# Wine Cellar Plans



## bovinewines (Mar 31, 2008)

All,
I'm sorta kinda in the process of trying to buy a home and am trying to figure out a way to convert a den into a wine cellar (for both my bottles who are suffering from lack of humidity and my wine making). I'm trying to figure out how I can do this without having to tear into sheetrock and all of that. 


This is a first home...so I only plan to be there about 5 years. Would it be better to simply build something out in the garage that can be dismantled later?


----------



## JWMINNESOTA (Mar 31, 2008)

Or, you could send them up here Bovine, I have room , and heck, id even give ya back whatever is left in five years.


----------



## swillologist (Mar 31, 2008)

It always amazes how people in here are alway willing to help each other out.

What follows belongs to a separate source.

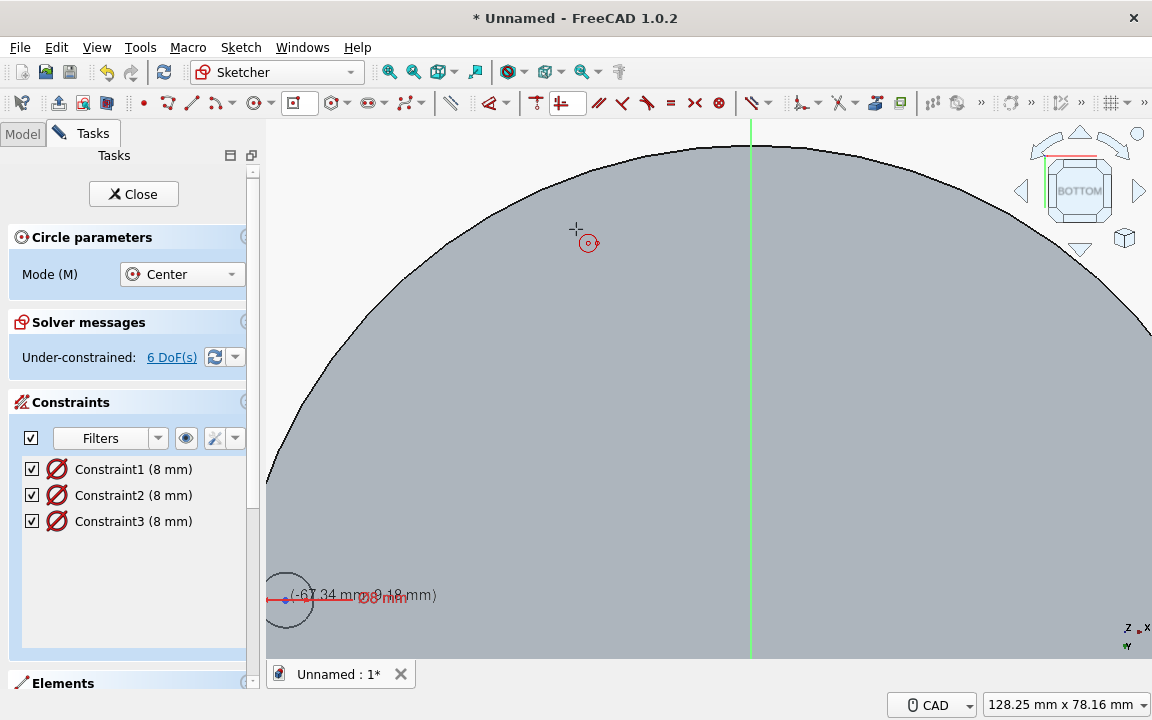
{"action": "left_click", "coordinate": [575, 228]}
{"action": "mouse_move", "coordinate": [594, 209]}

If I ever need help I alway know whereI cango. *Edited by: swillologist *


----------



## SmokinDawg (Mar 31, 2008)

http://www.canply.org/pdf/main/plyplans/plywoodplans_wine_rack.pdf 

check this out, if you build multiple units, or change the dimentions a little, you can make these modular and easy to remove to your next abode.


----------



## bovinewines (Mar 31, 2008)

Yeah...this group is one the most supportive I've seen...always willing to give my little wine bottles a home!


----------



## rgecaprock (Apr 1, 2008)

Congratulations!!!! bovinewines. 


I'm buying a house too. Had the inspection today, close is April 15th. I have a spare room that I want to make into wine room of some type probably more like a wine sitting and drinking room and storage too. It will be my getaway place. 
Where is your house, details.....?
Do you have any pictures??
Ramona*Edited by: rgecaprock *


----------